An infantryman is expected to get up on a dark night, when under fire, and charge, when he is asked to. What is it that motivates him? Faith in leadership -- its judgement, efficiency, and parental attitude. A somewhat exaggerated sense of 'honour', which seeks fulfillment in doing what he has been bid to do, and self-esteem. He sees himself as a part of the hierarchy that stretches from the commander-in-chief down to his unit of which he is a meaningful part, and he believes that he will prevail because he belongs to the unit.
It is this 'collective consciousness', which impels the foot soldier and the Chief alike. That is the ideal anyway. It is for this reason that one former army chief was almost in tears that men in uniform seemed to be involved in corrupt practices connected with arms procurement. He must have felt personally humiliated and let down. Even the most senior Service officer takes pride in describing himself as a soldier, sailor, or an airman. The bond is real.
If the latest scandal has made many a Serviceman feel sullied, perhaps everything is not lost. Let the guilty be punished, and in an exemplary manner. There have to be different and higher standards by which Servicemen have to be judged. On the other hand, if the young Serviceman accepts wheeling and dealing as the new way of life, and changes his attitude to seniors and money, a lot of damage would have been done.
Servicemen certainly need to be paid, but they do not live to make money. If they do, they have joined the wrong profession. If making money and looking at distant investments becomes the be all and end all of life as a result of what Servicemen hear and see, India would be the poorer. It cannot be forgotten, that before 1947, the Services in India were serving a foreign power, but they were not mercenary for that reason, because they contributed to and upheld professional values.
It was for this reason that it was possible for them to become 'Indian' Servicemen at the stroke of midnight on August 15, 1947. They had sense of honour -- izzat. A man without honour is of no use as a Serviceman. The fear is that these scandals may throw up 'new role models' for budding Servicemen. That is the real danger.
It is wellknown that when money changes hands, some of it sticks to the hands that pass it on. Call it what you will -- mamul, gift, commission, contribution to party funds and so on. Just as some heat is irretrievably lost, or friction leads to some loss of power, every commercial deal has a 'recessed' component. Its elimination may be the concern of auditor generals, and alert legislators in the Opposition.
Even 'deluded' Servicemen must recognise life for what it is, but in no circumstances can they allow men in uniform to become dalals. Retired officers should not be treated differently: They are allowed the privilege of retaining their ranks with the suffix retired in recognition and acknowledgement of their 'commitment'. They cannot relinquish it after retirement.
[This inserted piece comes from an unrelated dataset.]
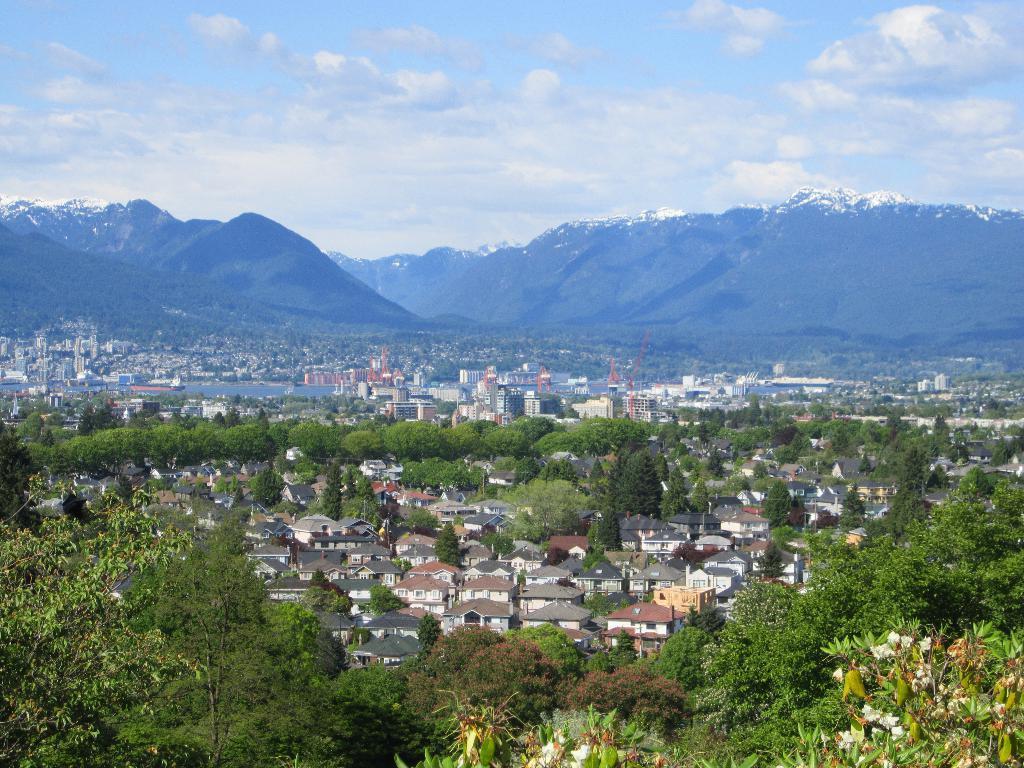In one or two sentences, can you explain what this image depicts? In this picture I can see there are few buildings and there are trees around the building. There are few flowers at the bottom of the image and there are mountains in the backdrop and they are covered with trees and the sky is clear.

Government and non-governmental institutions -- that includes the media -- on the other hand, owe it to the Services that they do not 'paint' them as corrupt. The Services, by far and large, maintain good standards. They should be encouraged to do so by placing the scandals in the correct perspective. The idea that there are kickbacks only in foreign deals may not be right. As we privatise the defence industry, fresh pressures will be applied to secure deals. In the US, there used to be a standing joke in the 1980s about 'revolving doors' at the Pentagon -- as officers in key positions retired and walked out, their 'preferred' successors walked in at the same time. We in India need to guard against these ills.